Non-Asymptotic Performance of Social Machine Learning Under Limited Data
Ping Hu, Virginia Bordignon, Mert Kayaalp, Ali H. Sayed
TL;DR
This work analyzes the non-asymptotic performance of socially-augmented machine learning for distributed binary classification with streaming unlabeled data. It introduces a two-phase SML framework where each agent independently trains a local classifier to learn a log-likelihood statistic, which is then combined cooperatively over a strongly connected graph using a social learning protocol. The authors establish a probabilistic condition for consistent training and derive finite-sample bounds on the misclassification probability that depend on network structure via the Perron vector, the second eigenvalue of the combination matrix, the network Rademacher complexity, and the chosen decision margin $ abla$. Numerical experiments on FashionMNIST and CIFAR-10 demonstrate exponential decay of error with the number of prediction samples and show the benefit of temporal and spatial information aggregation over traditional boosting methods.

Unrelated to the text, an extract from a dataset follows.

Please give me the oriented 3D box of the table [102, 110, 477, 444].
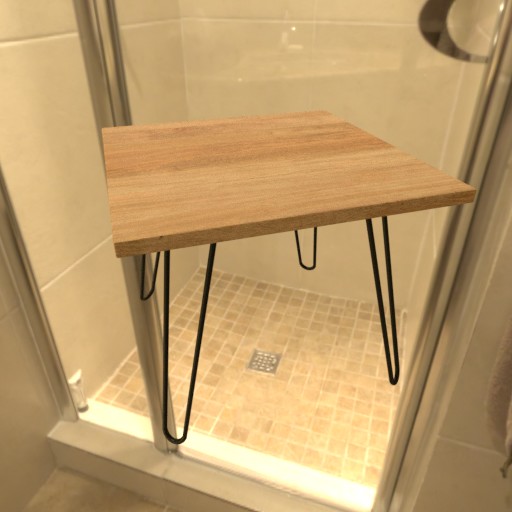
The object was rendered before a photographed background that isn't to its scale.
[{"bbox_3d":[0.000,0.000,1.048,0.599,0.500,0.599,-10,33,-15],"label":"table"}]

The results quantify how training data, loss function properties, and network topology jointly influence finite-sample performance, providing practical sample-complexity guidelines for distributed, data-driven classification tasks.
Abstract
This paper studies the probability of error associated with the social machine learning framework, which involves an independent training phase followed by a cooperative decision-making phase over a graph. This framework addresses the problem of classifying a stream of unlabeled data in a distributed manner. In this work, we examine the classification task with limited observations during the decision-making phase, which requires a non-asymptotic performance analysis. We establish a condition for consistent training and derive an upper bound on the probability of error for classification. The results clarify the dependence on the statistical properties of the data and the combination policy used over the graph. They also establish the exponential decay of the probability of error with respect to the number of unlabeled samples.